▶ [WHAT THIS TASK INVOLVES] Repeat every entry word for word, but leave the images out of your copy.

▶ [INFORMATION]
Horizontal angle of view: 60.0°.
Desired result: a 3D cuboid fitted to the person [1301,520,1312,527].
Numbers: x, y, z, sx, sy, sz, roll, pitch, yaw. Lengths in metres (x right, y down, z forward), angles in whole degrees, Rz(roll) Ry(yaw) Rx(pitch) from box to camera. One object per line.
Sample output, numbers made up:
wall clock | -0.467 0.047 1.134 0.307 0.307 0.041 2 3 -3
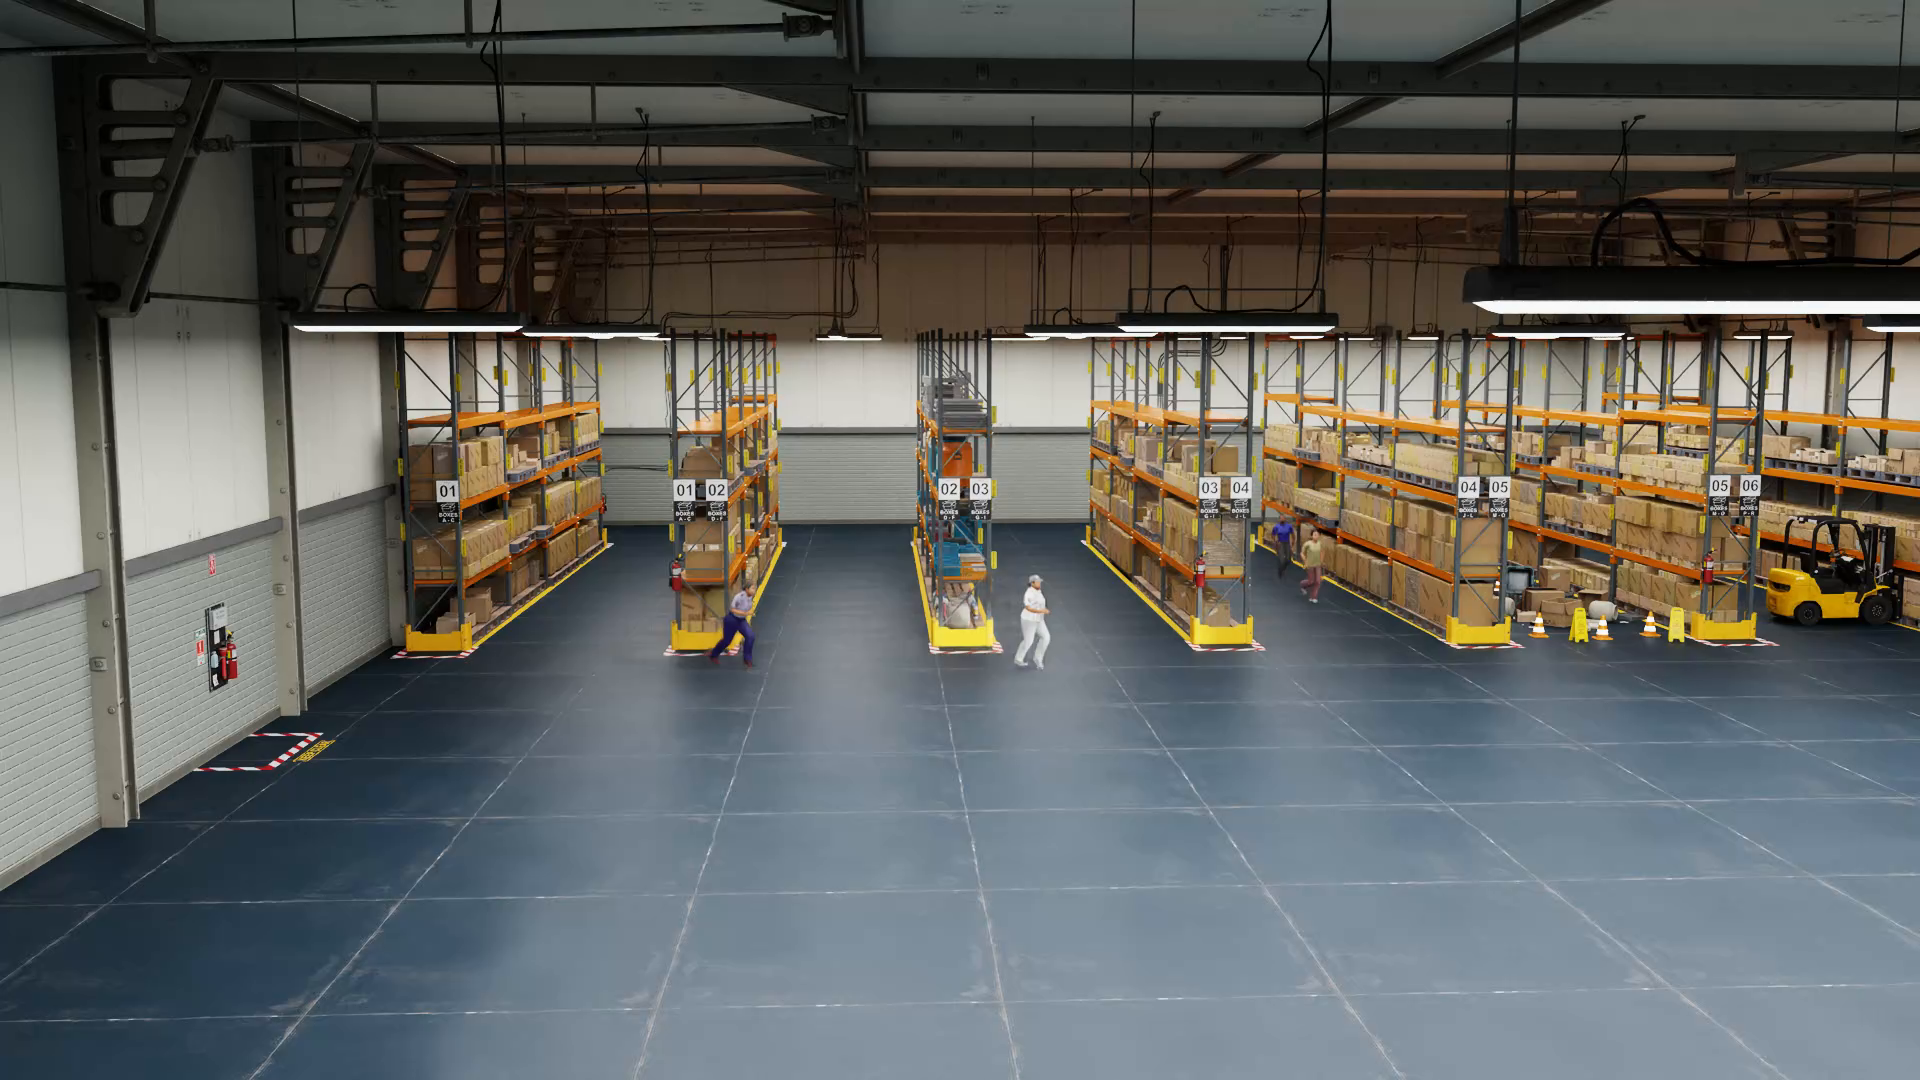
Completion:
person | 10.071 -0.844 49.093 0.660 1.621 0.751 7 9 44

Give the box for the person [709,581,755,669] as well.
person | -4.023 1.510 29.488 0.954 1.611 0.647 3 7 23

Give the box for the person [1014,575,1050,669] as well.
person | 1.305 1.470 29.382 0.714 1.735 0.615 4 8 31

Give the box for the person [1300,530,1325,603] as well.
person | 7.845 0.562 37.062 0.569 1.621 0.622 -2 7 -13

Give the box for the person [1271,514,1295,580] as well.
person | 7.860 0.171 40.387 0.588 1.617 0.500 0 7 1

▶ [REPLY TO THE EXERCISE]
Horizontal angle of view: 60.0°.
Desired result: a 3D cuboid fitted to the person [1301,520,1312,527].
Numbers: x, y, z, sx, sy, sz, roll, pitch, yaw. Lengths in metres (x right, y down, z forward), angles in whole degrees, Rz(roll) Ry(yaw) Rx(pitch) from box to camera. One object per line.
Sample output, numbers made up:
wall clock | -0.467 0.047 1.134 0.307 0.307 0.041 2 3 -3
Completion:
person | 10.071 -0.844 49.093 0.660 1.621 0.751 7 9 44

Give the box for the person [709,581,755,669] as well.
person | -4.023 1.510 29.488 0.954 1.611 0.647 3 7 23

Give the box for the person [1014,575,1050,669] as well.
person | 1.305 1.470 29.382 0.714 1.735 0.615 4 8 31

Give the box for the person [1300,530,1325,603] as well.
person | 7.845 0.562 37.062 0.569 1.621 0.622 -2 7 -13

Give the box for the person [1271,514,1295,580] as well.
person | 7.860 0.171 40.387 0.588 1.617 0.500 0 7 1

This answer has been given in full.